The integral of the Gaussian curvature over the whole surface is closely related to the surface’s Euler characteristic; see the Gauss-Bonnet theorem. The discrete analog of curvature, corresponding to curvature being concentrated at a point and particularly useful for polyhedra, is the (angular) defect; the analog for the Gauss-Bonnet theorem is Descartes’ theorem on total angular defect. Because curvature can be defined without reference to an embedding space, it is not necessary that a surface be embedded in a higher dimensional space in order to be curved. Such an intrinsically curved two-dimensional surface is a simple example of a Riemannian manifold.

Mean curvature: The mean curvature is equal to the sum of the principal curvatures, $\kappa_1+\kappa_2$, over 2, that is

$\displaystyle H=\frac{\kappa_1+\kappa_2}{2}$.

It has the dimension of 1/length. Mean curvature is closely related to the first variation of surface area, in particular a minimal surface such as a soap film, has mean curvature zero and a soap bubble has constant mean curvature. Unlike Gauss curvature, the mean curvature is extrinsic and depends on the embedding, for instance, a cylinder and a plane are locally isometric but the mean curvature of a plane is zero while that of a cylinder is nonzero.

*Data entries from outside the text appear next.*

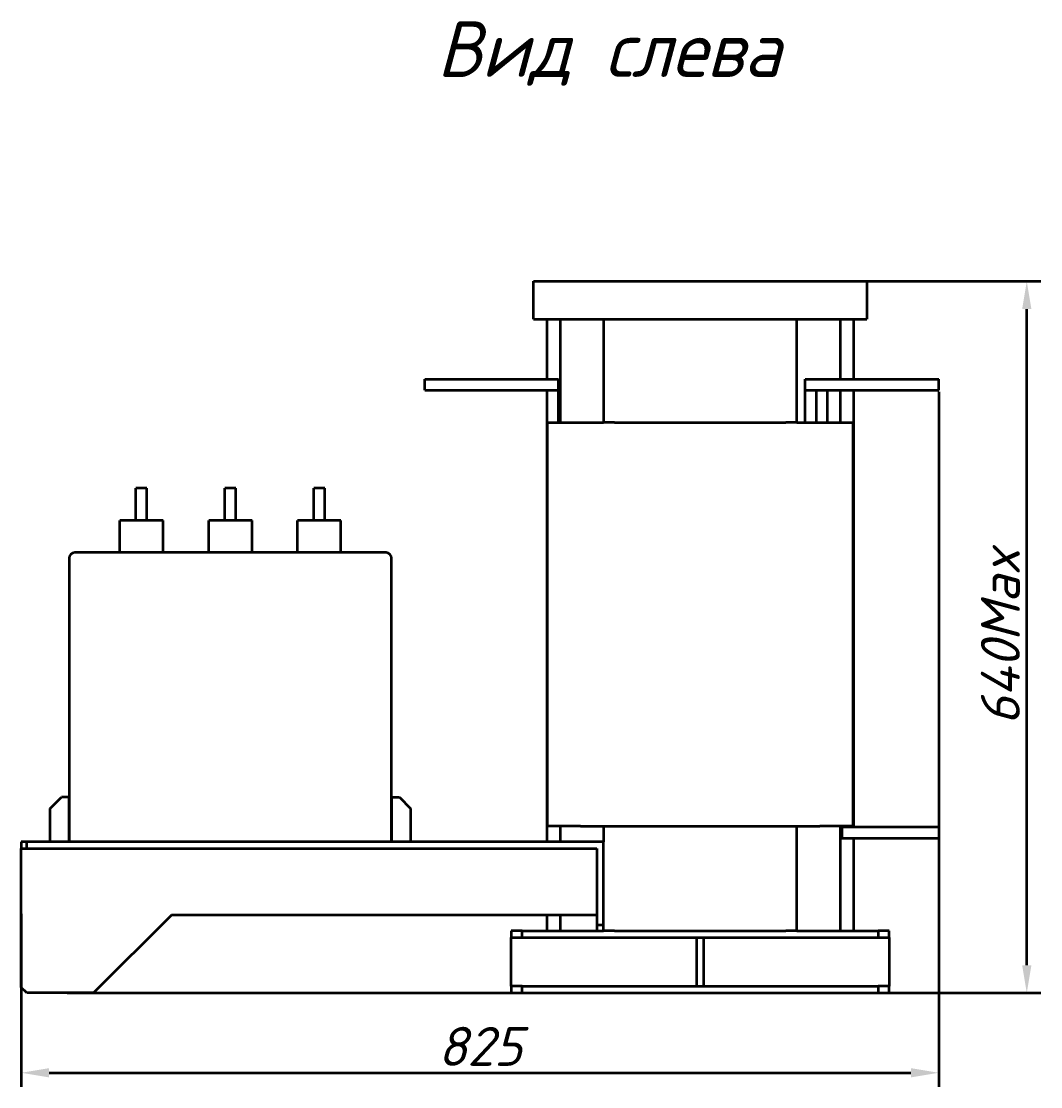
# Model space of a CAD drawing. Header units: millimetres. Extents: x -39 to 2317, y -1324 to 1404.
# Tile 7 of 7: x 1400 to 2317, y 169 to 1127. Entities that reach past the tile are written whole.
import ezdxf

# ---------------------------------------------------------------- set-up
doc = ezdxf.new("R2010")
doc.units = ezdxf.units.MM
doc.layers.get('Defpoints').update_dxf_attribs({"lineweight": 25})
doc.layers.add('Осн_СБ', color=7, linetype='Continuous', lineweight=50)
doc.styles.add('GOST-2.304_Type-B_italic', font='GOST Common Italic.ttf', dxfattribs={"height": 2.5})
doc.styles.add('ГОСТ', font='isocpeui.ttf')
doc.dimstyles.new('ISO-25', dxfattribs={"dimtxt": 3.5, "dimasz": 2.5, "dimexe": 1.25, "dimexo": 0.625, "dimtad": 1, "dimdec": 0, "dimtxsty": 'ГОСТ', "dimcen": 2.5, "dimclrd": 256, "dimclre": 256, "dimclrt": 256, "dimadec": 0, "dimazin": 0, "dimtfac": 1, "dimtdec": 0, "dimtmove": 0, "dimatfit": 3, "dimfxl": 1, "dimlwd": -1, "dimlwe": -1, "dimarcsym": 0})

# ---------------------------------------------------------------- blocks, each defined once
blk = doc.blocks.new('*D363')
at = {"layer": 'Defpoints', "color": 0, "transparency": 16777216}
for p in [(2010.98, 893.38), (2304.73, 893.38), (1435.48, 253.38)]:
    blk.add_point(p, dxfattribs=at)
at = {"layer": 'Осн_СБ', "transparency": 16777216}
for p, q in [((2017.23, 893.38), (2317.23, 893.38)), ((2304.73, 278.38), (2304.73, 868.38)), ((1441.73, 253.38), (2317.23, 253.38))]:
    blk.add_line(p, q, dxfattribs=at)
for points in [[(2300.56, 868.38), (2308.89, 868.38), (2304.73, 893.38)], [(2300.56, 278.38), (2308.89, 278.38), (2304.73, 253.38)]]:
    blk.add_solid(points, dxfattribs=at)
at = {"layer": 'Осн_СБ', "transparency": 16777216, "insert": (2280.98, 573.38), "char_height": 35, "attachment_point": 5, "rotation": 90, "style": 'ГОСТ'}
blk.add_mtext('640Max', dxfattribs=at)
blk = doc.blocks.new('*D364')
at = {"layer": 'Defpoints', "color": 0, "transparency": 16777216}
for p in [(2225.48, 800.38), (1400.48, 330.88), (2225.48, 181.6)]:
    blk.add_point(p, dxfattribs=at)
at = {"layer": 'Осн_СБ', "transparency": 16777216}
for p, q in [((2225.48, 794.13), (2225.48, 169.1)), ((1400.48, 324.63), (1400.48, 169.1)), ((1425.48, 181.6), (2200.48, 181.6))]:
    blk.add_line(p, q, dxfattribs=at)
for points in [[(1425.48, 185.76), (1425.48, 177.43), (1400.48, 181.6)], [(2200.48, 185.76), (2200.48, 177.43), (2225.48, 181.6)]]:
    blk.add_solid(points, dxfattribs=at)
at = {"layer": 'Осн_СБ', "transparency": 16777216, "insert": (1812.98, 205.35), "char_height": 35, "attachment_point": 5, "style": 'ГОСТ'}
blk.add_mtext('825', dxfattribs=at)

msp = doc.modelspace()

# ---------------------------------------------------------------- linework, layer by layer
at = {"layer": 'Осн_СБ'}
for p, q in [((1860.98, 859.38), (1860.98, 893.38)), ((1860.98, 893.38), (2160.98, 893.38)), ((2160.98, 893.38), (2160.98, 859.38)), ((1860.98, 859.38), (1923.98, 859.38)), ((1872.98, 859.38), (1872.98, 805.38)), ((1884.98, 859.38), (1884.98, 766.38)), ((1923.98, 859.38), (1933.98, 859.38)), ((1923.98, 859.38), (1923.98, 766.38)), ((1933.98, 859.38), (2087.98, 859.38)), ((2087.98, 859.38), (2097.98, 859.38)), ((2097.98, 766.38), (2097.98, 859.38)), ((2097.98, 859.38), (2160.98, 859.38)), ((2136.98, 859.38), (2136.98, 805.38)), ((2148.98, 859.38), (2148.98, 805.38)), ((1763.48, 805.38), (1883.48, 805.38)), ((1763.48, 795.38), (1763.48, 805.38)), ((1883.48, 795.38), (1883.48, 805.38)), ((2105.48, 805.38), (2225.48, 805.38)), ((2105.48, 795.38), (2105.48, 805.38)), ((2225.48, 795.38), (2225.48, 805.38)), ((1763.48, 795.38), (1883.48, 795.38)), ((1872.98, 795.38), (1872.98, 389.38)), ((1873.48, 795.38), (1883.48, 795.38)), ((1873.48, 766.38), (1873.48, 795.38)), ((1883.48, 766.38), (1883.48, 795.38)), ((2105.48, 795.38), (2225.48, 795.38)), ((2105.48, 795.38), (2115.48, 795.38)), ((2105.48, 766.38), (2105.48, 795.38)), ((2115.48, 766.38), (2115.48, 795.38)), ((2125.48, 766.38), (2125.48, 795.38)), ((2136.98, 795.38), (2136.98, 766.38)), ((2148.98, 795.38), (2148.98, 402.38)), ((1873.48, 766.38), (1903.48, 766.38)), ((1873.48, 766.38), (1873.48, 403.38)), ((1903.48, 766.38), (1924.03, 766.38)), ((1933.98, 766.38), (1924.03, 766.38)), ((1933.98, 766.38), (2087.98, 766.38)), ((2097.93, 766.38), (2087.98, 766.38)), ((2097.93, 766.38), (2118.48, 766.38)), ((2118.48, 766.38), (2148.48, 766.38)), ((2148.48, 403.38), (2148.48, 766.38)), ((1513.48, 707.38), (1503.48, 707.38)), ((1503.48, 678.38), (1503.48, 707.38)), ((1513.48, 678.38), (1513.48, 707.38)), ((1593.48, 707.38), (1583.48, 707.38)), ((1583.48, 678.38), (1583.48, 707.38)), ((1593.48, 678.38), (1593.48, 707.38)), ((1673.48, 707.38), (1663.48, 707.38)), ((1663.48, 678.38), (1663.48, 707.38)), ((1673.48, 678.38), (1673.48, 707.38)), ((1527.98, 678.38), (1488.98, 678.38)), ((1488.98, 649.38), (1488.98, 678.38)), ((1527.98, 649.38), (1527.98, 678.38)), ((1607.98, 678.38), (1568.98, 678.38)), ((1568.98, 649.38), (1568.98, 678.38)), ((1607.98, 649.38), (1607.98, 678.38)), ((1687.98, 678.38), (1648.98, 678.38)), ((1648.98, 649.38), (1648.98, 678.38)), ((1687.98, 649.38), (1687.98, 678.38)), ((1443.48, 644.38), (1443.48, 389.38)), ((1728.48, 649.38), (1448.48, 649.38)), ((1733.48, 389.38), (1733.48, 644.38)), ((1426.48, 419.38), (1436.48, 429.38)), ((1443.48, 429.38), (1436.48, 429.38)), ((1443.48, 389.38), (1443.48, 429.38)), ((1733.48, 429.38), (1740.48, 429.38)), ((1733.48, 429.38), (1733.48, 389.38)), ((1740.48, 429.38), (1750.48, 419.38)), ((1426.48, 389.38), (1426.48, 419.38)), ((1750.48, 419.38), (1750.48, 389.38)), ((1903.48, 403.38), (1873.48, 403.38)), ((1884.98, 403.38), (1884.98, 389.38)), ((1903.48, 403.38), (1924.03, 403.38)), ((1923.98, 403.38), (1923.98, 389.38)), ((1924.03, 403.38), (1933.98, 403.38)), ((1933.98, 403.38), (2087.98, 403.38)), ((2087.98, 403.38), (2097.93, 403.38)), ((2097.93, 403.38), (2118.48, 403.38)), ((2097.98, 309.38), (2097.98, 403.38)), ((2148.48, 403.38), (2118.48, 403.38)), ((2136.98, 403.38), (2136.98, 309.38)), ((2138.48, 403.38), (2138.48, 402.38)), ((2148.48, 403.38), (2148.48, 402.38)), ((2138.48, 402.38), (2138.48, 392.38)), ((2225.48, 402.38), (2138.48, 402.38)), ((2148.48, 402.38), (2138.48, 402.38)), ((2225.48, 402.38), (2225.48, 392.38)), ((1405.48, 389.38), (1400.48, 389.38)), ((1400.48, 389.38), (1400.48, 383.38)), ((1400.48, 383.38), (1405.48, 383.38)), ((1400.48, 258.38), (1400.48, 383.38)), ((1405.48, 383.38), (1405.48, 389.38)), ((1923.98, 389.38), (1405.48, 389.38)), ((1405.48, 383.38), (1917.98, 383.38)), ((1917.98, 383.38), (1917.98, 314.38)), ((1923.98, 314.38), (1923.98, 389.38)), ((2225.48, 392.38), (2138.48, 392.38)), ((2148.98, 392.38), (2148.98, 309.38)), ((1535.48, 323.38), (1465.48, 253.38)), ((1917.98, 323.38), (1535.48, 323.38)), ((1872.98, 323.38), (1872.98, 309.38)), ((1884.98, 323.38), (1884.98, 309.38)), ((1850.98, 309.38), (1840.98, 309.38)), ((1840.98, 309.38), (1840.98, 303.38)), ((1850.98, 303.38), (1850.98, 309.38)), ((1850.98, 309.38), (1917.98, 309.38)), ((1923.98, 314.38), (1917.98, 314.38)), ((1917.98, 314.38), (1917.98, 309.38)), ((1917.98, 309.38), (1923.98, 309.38)), ((1923.98, 309.38), (1923.98, 314.38)), ((1933.98, 309.38), (1923.98, 309.38)), ((1933.98, 309.38), (2087.98, 309.38)), ((2097.98, 309.38), (2087.98, 309.38)), ((2097.98, 309.38), (2170.98, 309.38)), ((2180.98, 309.38), (2170.98, 309.38)), ((2170.98, 309.38), (2170.98, 303.38)), ((2180.98, 303.38), (2180.98, 309.38)), ((1840.98, 303.38), (1850.98, 303.38)), ((1840.98, 259.38), (1840.98, 303.38)), ((1850.98, 303.38), (2007.98, 303.38)), ((2007.98, 259.38), (2007.98, 303.38)), ((2007.98, 303.38), (2013.98, 303.38)), ((2013.98, 303.38), (2170.98, 303.38)), ((2013.98, 303.38), (2013.98, 259.38)), ((2170.98, 303.38), (2180.98, 303.38)), ((2180.98, 303.38), (2180.98, 259.38)), ((1840.98, 259.38), (1840.98, 253.38)), ((1850.98, 259.38), (1840.98, 259.38)), ((1850.98, 253.38), (1850.98, 259.38)), ((1850.98, 259.38), (2007.98, 259.38)), ((2007.98, 259.38), (2013.98, 259.38)), ((2013.98, 259.38), (2170.98, 259.38)), ((2180.98, 259.38), (2170.98, 259.38)), ((2170.98, 259.38), (2170.98, 253.38)), ((2180.98, 253.38), (2180.98, 259.38)), ((1405.48, 253.38), (1400.48, 258.38)), ((1465.48, 253.38), (1405.48, 253.38)), ((1840.98, 253.38), (1850.98, 253.38)), ((1850.98, 253.38), (2170.98, 253.38)), ((2170.98, 253.38), (2180.98, 253.38))]:
    msp.add_line(p, q, dxfattribs=at)
for centre, start, end in [((1448.48, 644.38), 90, 180), ((1728.48, 644.38), 0, 90)]:
    msp.add_arc(centre, 5, start, end, dxfattribs=at)

# ---------------------------------------------------------------- texts
at = {"layer": 'Осн_СБ', "insert": (1774.22, 1127.2), "char_height": 50, "width": 336.0264, "attachment_point": 1, "style": 'GOST-2.304_Type-B_italic'}
msp.add_mtext('Вид слева', dxfattribs=at)

# ---------------------------------------------------------------- dimensions: what is measured, and where the dimension line sits
at = {"layer": 'Осн_СБ'}
dim = msp.add_linear_dim(base=(2304.73, 893.38), p1=(1435.48, 253.38), p2=(2010.98, 893.38), angle=90, text='<>Max', dimstyle='ISO-25', dxfattribs=at)
dim.commit()
dim.dimension.update_dxf_attribs({"geometry": '*D363', "text_midpoint": (2280.98, 573.38)})
dim = msp.add_linear_dim(base=(2225.48, 181.6), p1=(1400.48, 330.88), p2=(2225.48, 800.38), dimstyle='ISO-25', dxfattribs=at)
dim.commit()
dim.dimension.update_dxf_attribs({"geometry": '*D364', "text_midpoint": (1812.98, 205.35)})

doc.saveas('drawing.dxf')

• Curvature of surfaces (three dimensions)

By extension of the former argument, a space of three or more dimensions can be intrinsically curved; the full mathematical description is described at curvature of Riemannian manifolds (Riemann curvature tensor, Sectional curvature, Ricci curvature, Scalar curvature, Einstein curvature tensor, Weyl curvature tensor).